**TASK DIRECTIONS**: Quote each line of the material verbatim, without the pictures.

%%

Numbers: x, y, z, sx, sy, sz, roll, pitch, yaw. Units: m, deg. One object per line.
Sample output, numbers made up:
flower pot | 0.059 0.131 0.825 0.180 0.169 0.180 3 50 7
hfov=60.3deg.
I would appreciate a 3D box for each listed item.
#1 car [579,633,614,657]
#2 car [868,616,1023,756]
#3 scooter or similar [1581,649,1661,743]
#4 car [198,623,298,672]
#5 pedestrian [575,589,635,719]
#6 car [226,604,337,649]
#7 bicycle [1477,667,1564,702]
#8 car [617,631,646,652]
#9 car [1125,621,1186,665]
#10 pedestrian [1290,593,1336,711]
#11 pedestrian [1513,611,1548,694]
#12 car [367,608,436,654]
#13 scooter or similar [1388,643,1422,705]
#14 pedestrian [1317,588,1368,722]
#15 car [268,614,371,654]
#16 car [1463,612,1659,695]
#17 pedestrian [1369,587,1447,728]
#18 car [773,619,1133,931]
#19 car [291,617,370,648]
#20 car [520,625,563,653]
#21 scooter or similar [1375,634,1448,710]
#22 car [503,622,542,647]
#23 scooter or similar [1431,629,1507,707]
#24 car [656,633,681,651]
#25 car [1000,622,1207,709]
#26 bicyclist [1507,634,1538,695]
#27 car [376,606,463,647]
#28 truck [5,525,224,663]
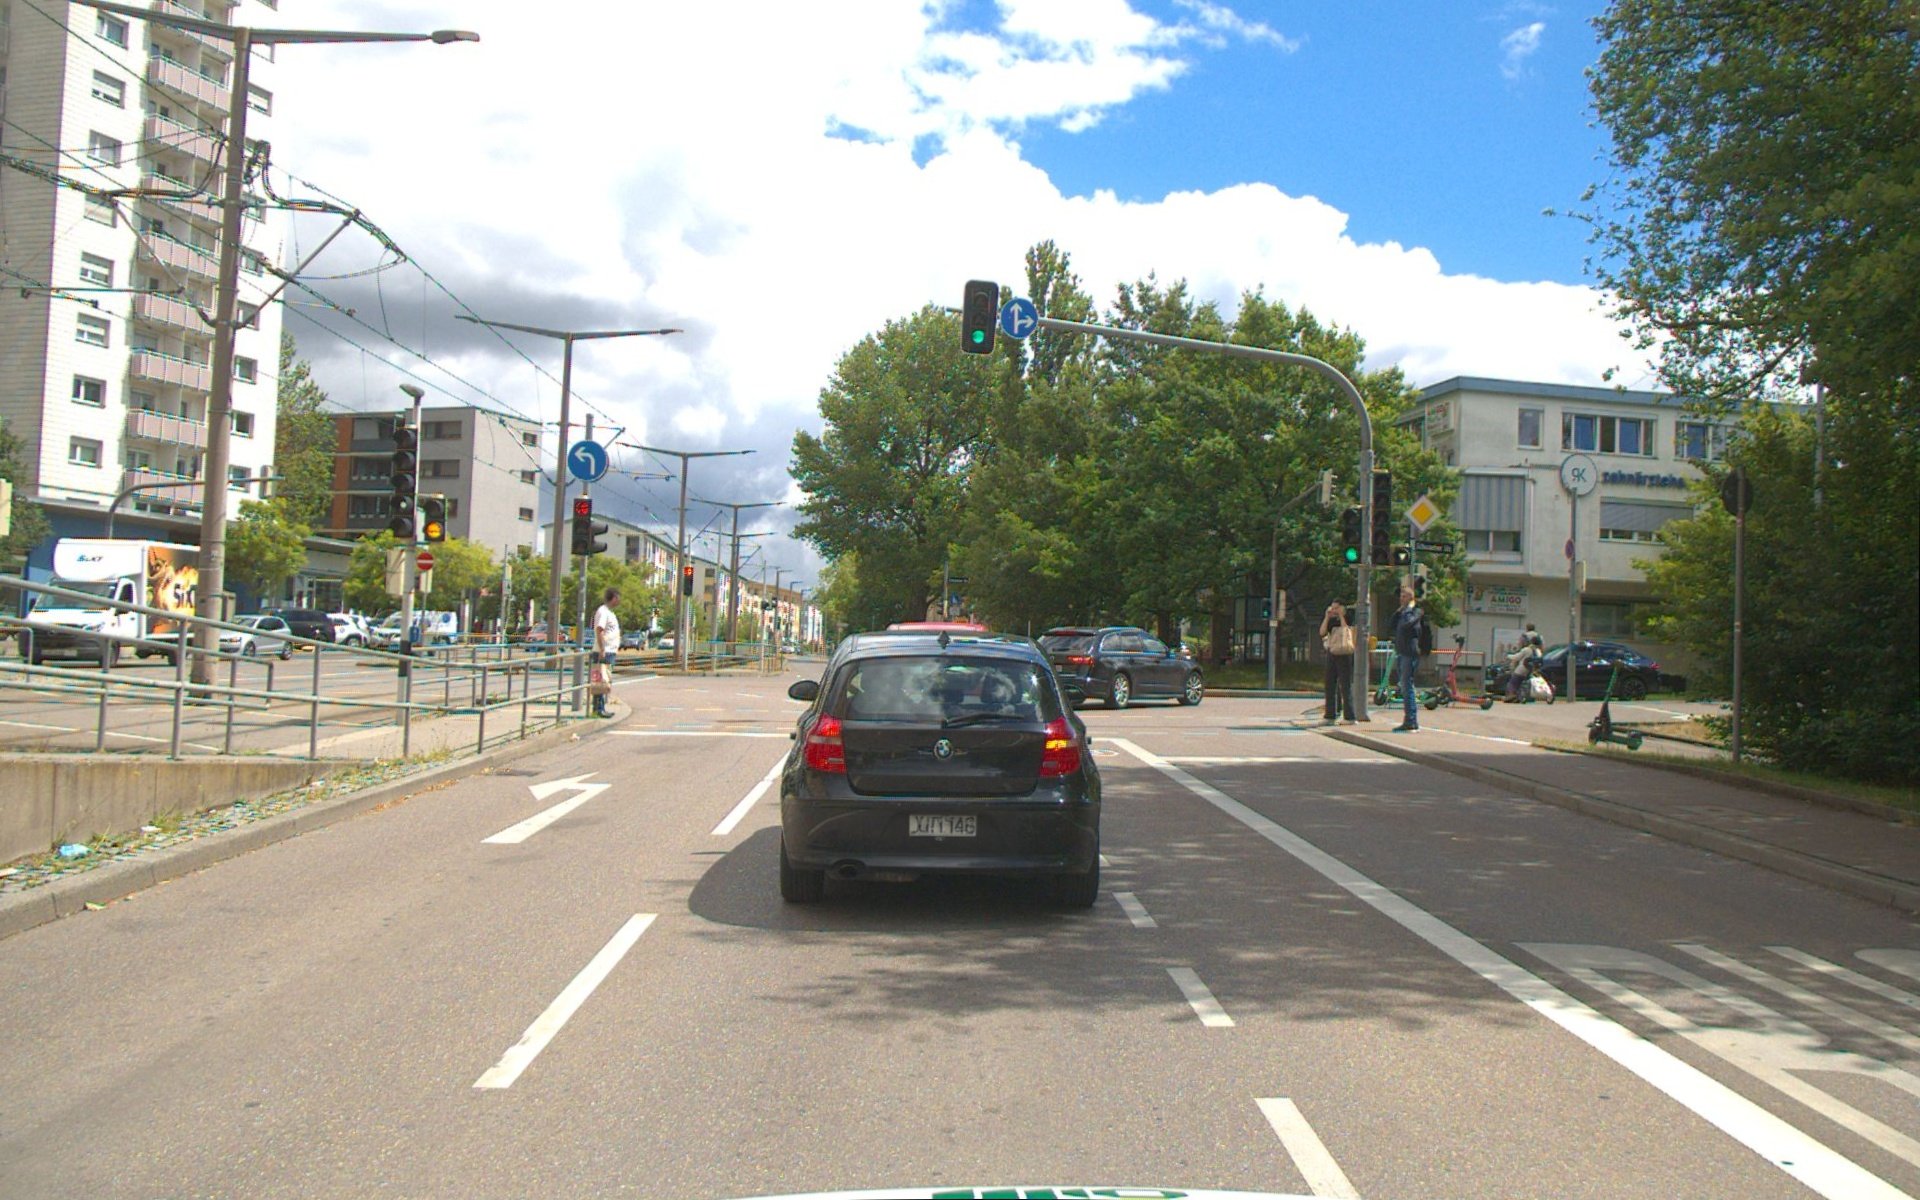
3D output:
car | -25.027 3.058 113.862 1.618 1.561 3.869 1 -1 -2
car | -0.170 0.921 19.076 1.605 1.424 3.419 1 -1 -1
scooter or similar | 9.538 1.385 23.883 0.872 1.251 0.454 6 -1 -1
car | -22.849 1.491 53.186 1.378 1.486 3.776 1 -1 3
pedestrian | -4.896 0.742 22.839 0.673 1.764 0.687 1 -1 -1
car | -27.602 1.085 67.348 3.951 1.716 1.558 2 -1 -34
bicycle | 11.053 1.661 32.664 0.530 0.620 1.564 2 -1 -44
car | -26.357 3.321 132.755 1.618 1.561 3.869 1 -1 -2
car | 8.826 1.945 75.076 1.694 1.904 3.991 2 -1 -9
pedestrian | 5.491 0.803 25.751 0.622 1.797 0.518 1 -1 5
pedestrian | 12.057 1.104 34.958 0.644 1.743 0.461 1 -1 26
car | -22.895 1.247 67.924 1.559 1.787 3.773 2 -1 -2
scooter or similar | 8.129 1.346 30.226 0.536 1.082 1.263 1 -1 13
pedestrian | 5.531 0.792 23.934 0.622 1.909 0.518 1 -1 5
car | -28.072 1.501 72.586 1.628 1.676 3.897 0 -1 44
car | 15.904 1.396 43.856 4.450 2.049 1.996 2 -1 -8
pedestrian | 6.224 0.787 23.017 0.779 1.909 1.013 1 -1 -1
car | -0.048 0.844 9.485 1.665 1.424 3.419 1 -1 -1
car | -28.833 1.496 75.759 3.076 1.304 1.449 2 -1 -39
car | -24.436 2.267 96.618 1.618 1.561 3.869 1 -1 -2
scooter or similar | 7.697 1.215 28.202 1.087 1.257 0.539 1 -1 1
car | -28.216 2.206 106.842 1.559 1.500 3.773 2 -1 -2
scooter or similar | 8.958 1.191 29.142 1.127 1.294 0.555 2 -1 2
car | -25.798 3.720 146.659 1.618 1.561 3.869 1 -1 -2
car | 2.751 1.172 30.664 1.867 1.447 4.524 1 -1 34
bicyclist | 11.093 1.263 32.626 0.393 1.177 0.499 0 -1 44
car | -27.466 1.350 84.105 3.892 2.009 1.631 2 -1 -43
truck | -21.324 -0.099 42.200 2.236 3.172 7.311 2 -1 -4

%%

**RESULT OF THE TASK**:
Numbers: x, y, z, sx, sy, sz, roll, pitch, yaw. Units: m, deg. One object per line.
Sample output, numbers made up:
flower pot | 0.059 0.131 0.825 0.180 0.169 0.180 3 50 7
hfov=60.3deg.
I would appreciate a 3D box for each listed item.
#1 car [579,633,614,657]
#2 car [868,616,1023,756]
#3 scooter or similar [1581,649,1661,743]
#4 car [198,623,298,672]
#5 pedestrian [575,589,635,719]
#6 car [226,604,337,649]
#7 bicycle [1477,667,1564,702]
#8 car [617,631,646,652]
#9 car [1125,621,1186,665]
#10 pedestrian [1290,593,1336,711]
#11 pedestrian [1513,611,1548,694]
#12 car [367,608,436,654]
#13 scooter or similar [1388,643,1422,705]
#14 pedestrian [1317,588,1368,722]
#15 car [268,614,371,654]
#16 car [1463,612,1659,695]
#17 pedestrian [1369,587,1447,728]
#18 car [773,619,1133,931]
#19 car [291,617,370,648]
#20 car [520,625,563,653]
#21 scooter or similar [1375,634,1448,710]
#22 car [503,622,542,647]
#23 scooter or similar [1431,629,1507,707]
#24 car [656,633,681,651]
#25 car [1000,622,1207,709]
#26 bicyclist [1507,634,1538,695]
#27 car [376,606,463,647]
#28 truck [5,525,224,663]
3D output:
car | -25.027 3.058 113.862 1.618 1.561 3.869 1 -1 -2
car | -0.170 0.921 19.076 1.605 1.424 3.419 1 -1 -1
scooter or similar | 9.538 1.385 23.883 0.872 1.251 0.454 6 -1 -1
car | -22.849 1.491 53.186 1.378 1.486 3.776 1 -1 3
pedestrian | -4.896 0.742 22.839 0.673 1.764 0.687 1 -1 -1
car | -27.602 1.085 67.348 3.951 1.716 1.558 2 -1 -34
bicycle | 11.053 1.661 32.664 0.530 0.620 1.564 2 -1 -44
car | -26.357 3.321 132.755 1.618 1.561 3.869 1 -1 -2
car | 8.826 1.945 75.076 1.694 1.904 3.991 2 -1 -9
pedestrian | 5.491 0.803 25.751 0.622 1.797 0.518 1 -1 5
pedestrian | 12.057 1.104 34.958 0.644 1.743 0.461 1 -1 26
car | -22.895 1.247 67.924 1.559 1.787 3.773 2 -1 -2
scooter or similar | 8.129 1.346 30.226 0.536 1.082 1.263 1 -1 13
pedestrian | 5.531 0.792 23.934 0.622 1.909 0.518 1 -1 5
car | -28.072 1.501 72.586 1.628 1.676 3.897 0 -1 44
car | 15.904 1.396 43.856 4.450 2.049 1.996 2 -1 -8
pedestrian | 6.224 0.787 23.017 0.779 1.909 1.013 1 -1 -1
car | -0.048 0.844 9.485 1.665 1.424 3.419 1 -1 -1
car | -28.833 1.496 75.759 3.076 1.304 1.449 2 -1 -39
car | -24.436 2.267 96.618 1.618 1.561 3.869 1 -1 -2
scooter or similar | 7.697 1.215 28.202 1.087 1.257 0.539 1 -1 1
car | -28.216 2.206 106.842 1.559 1.500 3.773 2 -1 -2
scooter or similar | 8.958 1.191 29.142 1.127 1.294 0.555 2 -1 2
car | -25.798 3.720 146.659 1.618 1.561 3.869 1 -1 -2
car | 2.751 1.172 30.664 1.867 1.447 4.524 1 -1 34
bicyclist | 11.093 1.263 32.626 0.393 1.177 0.499 0 -1 44
car | -27.466 1.350 84.105 3.892 2.009 1.631 2 -1 -43
truck | -21.324 -0.099 42.200 2.236 3.172 7.311 2 -1 -4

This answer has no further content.